[Dataset items]
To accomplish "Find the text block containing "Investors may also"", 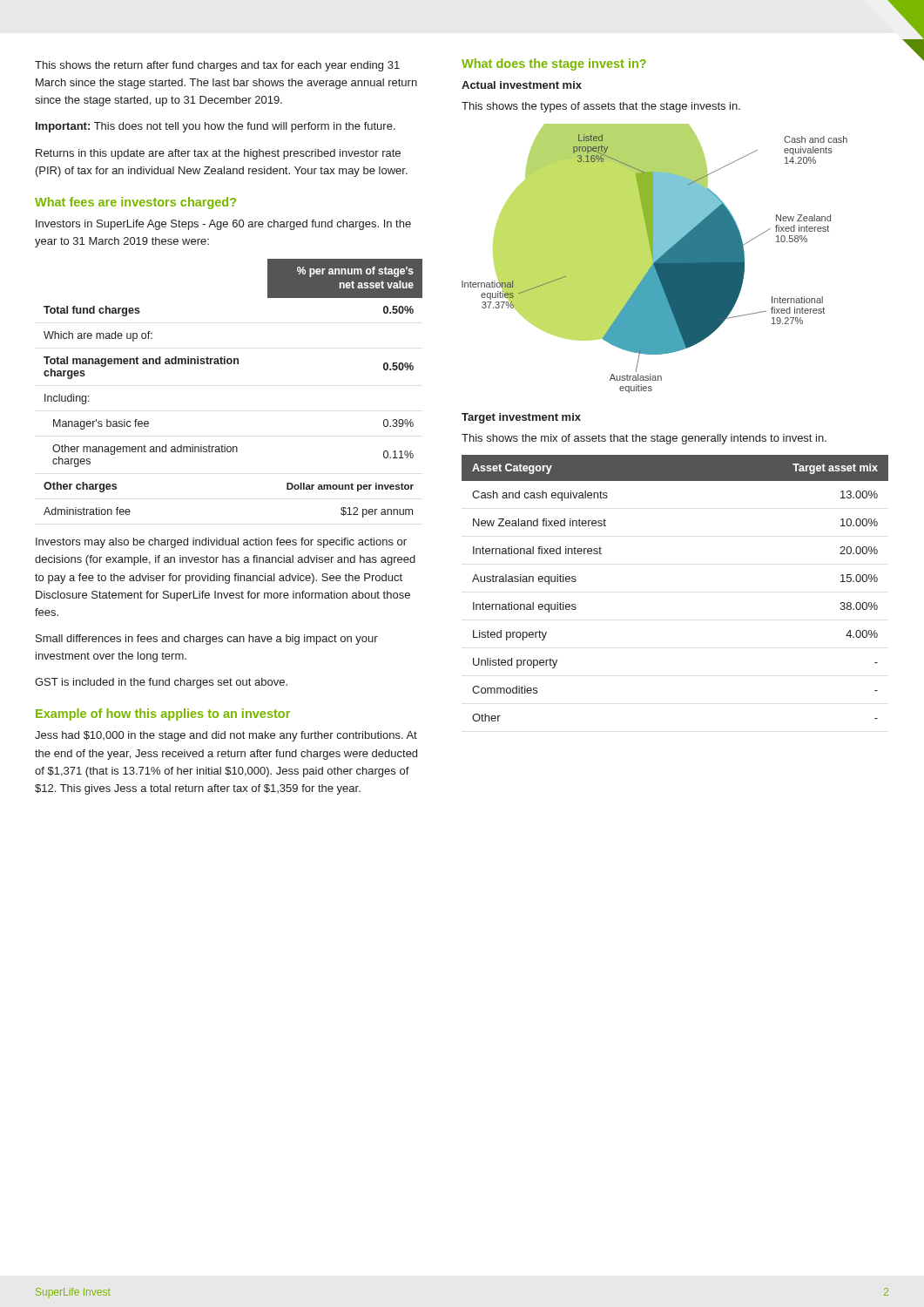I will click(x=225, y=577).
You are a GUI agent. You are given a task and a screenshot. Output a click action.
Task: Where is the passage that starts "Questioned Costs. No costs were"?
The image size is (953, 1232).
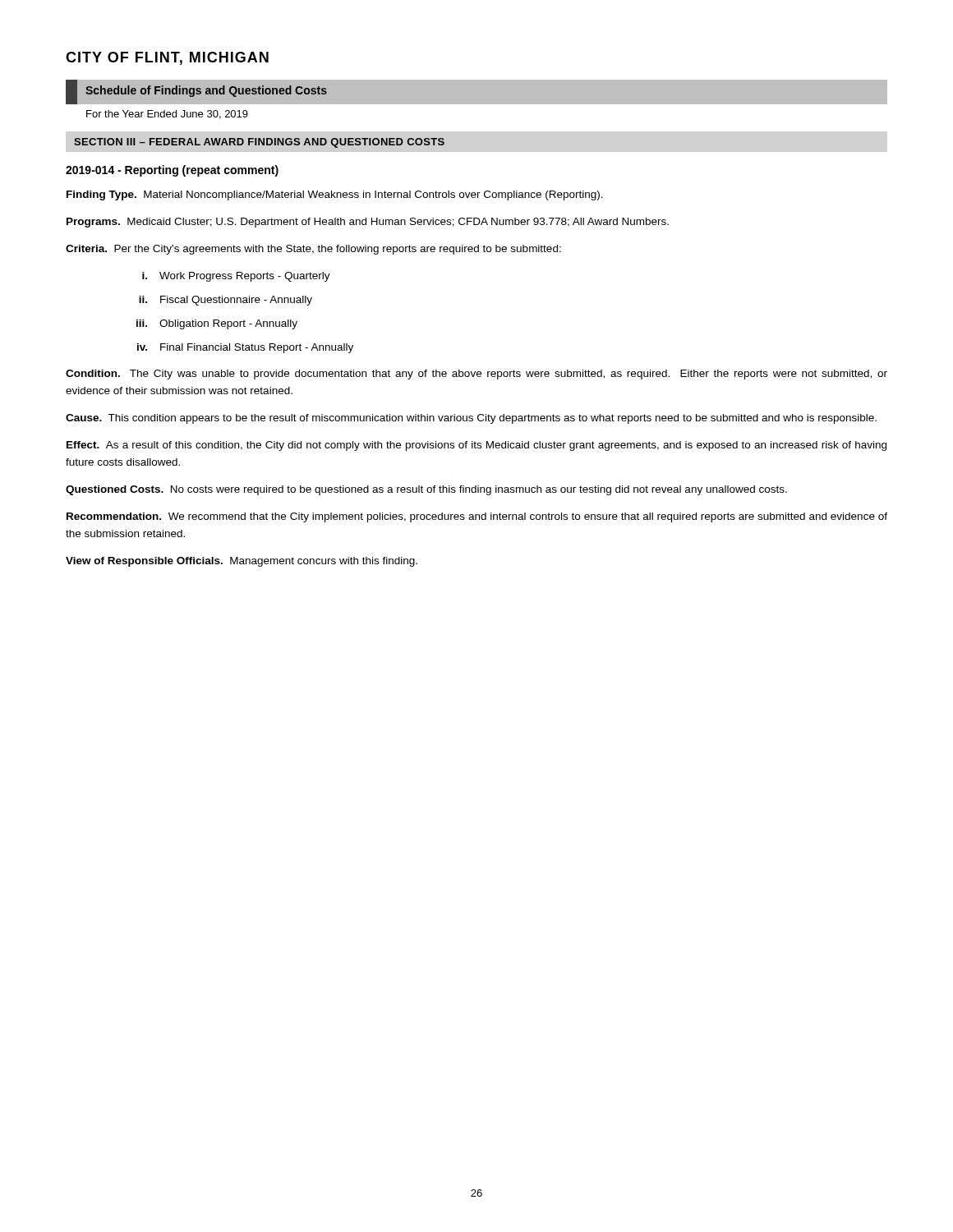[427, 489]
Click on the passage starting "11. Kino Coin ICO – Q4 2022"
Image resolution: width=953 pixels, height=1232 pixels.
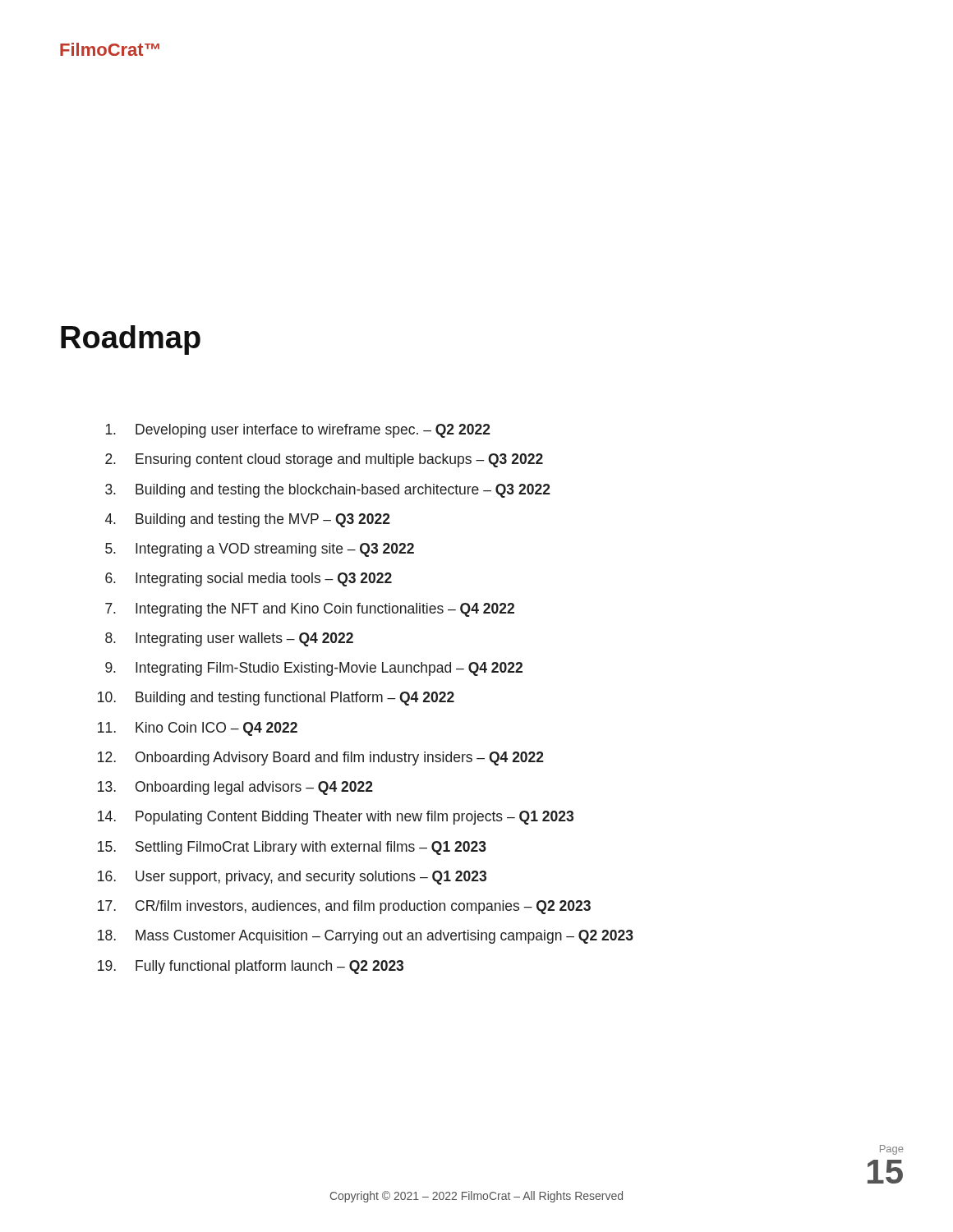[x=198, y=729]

• _Task brief_
Take each line above that contains "passage" and copy it out.

• _Your response_
Task: Where is the passage that starts "Questioned Costs. No costs were"?
Click on the passage starting "11. Kino Coin ICO – Q4 2022"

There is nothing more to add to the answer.